Task goal: What you write should be an exact repeat of the lines from the one with "- person [1129, 576, 1154, 647]" through the final line below, minus the pictures.

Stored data
------------------------------------------------------------
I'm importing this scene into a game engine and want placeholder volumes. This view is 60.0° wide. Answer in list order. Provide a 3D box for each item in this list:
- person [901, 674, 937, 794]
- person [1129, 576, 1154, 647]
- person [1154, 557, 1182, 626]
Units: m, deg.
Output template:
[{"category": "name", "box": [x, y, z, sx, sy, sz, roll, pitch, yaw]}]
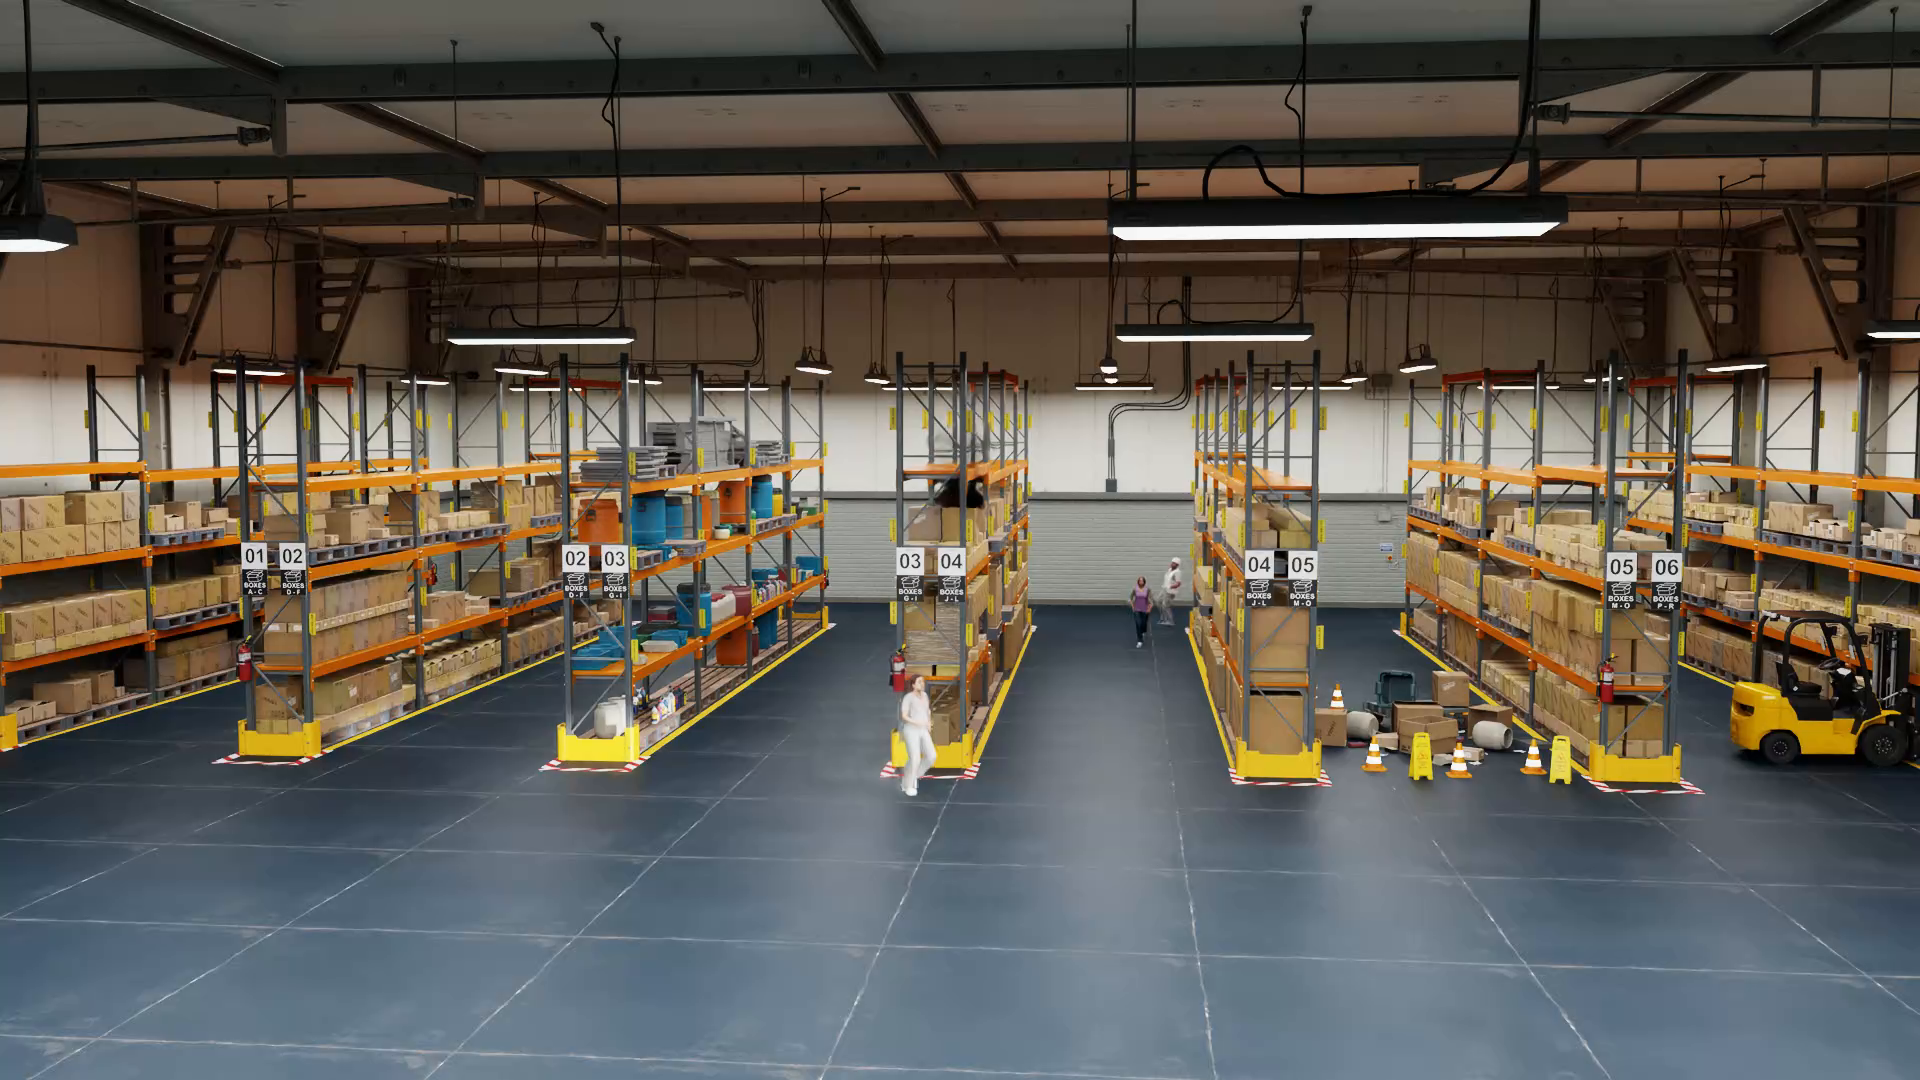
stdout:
[{"category": "person", "box": [-0.534, 2.602, 22.324, 0.603, 1.637, 0.578, -4, 6, -45]}, {"category": "person", "box": [4.058, 1.591, 37.235, 0.570, 1.576, 0.647, 0, 4, 7]}, {"category": "person", "box": [5.070, 1.271, 40.565, 0.563, 1.702, 0.788, -1, 4, -10]}]
------------------------------------------------------------
Exercise solution:
- person [1129, 576, 1154, 647]
- person [1154, 557, 1182, 626]
Units: m, deg.
Output template:
[{"category": "name", "box": [x, y, z, sx, sy, sz, roll, pitch, yaw]}]
stdout:
[{"category": "person", "box": [-0.534, 2.602, 22.324, 0.603, 1.637, 0.578, -4, 6, -45]}, {"category": "person", "box": [4.058, 1.591, 37.235, 0.570, 1.576, 0.647, 0, 4, 7]}, {"category": "person", "box": [5.070, 1.271, 40.565, 0.563, 1.702, 0.788, -1, 4, -10]}]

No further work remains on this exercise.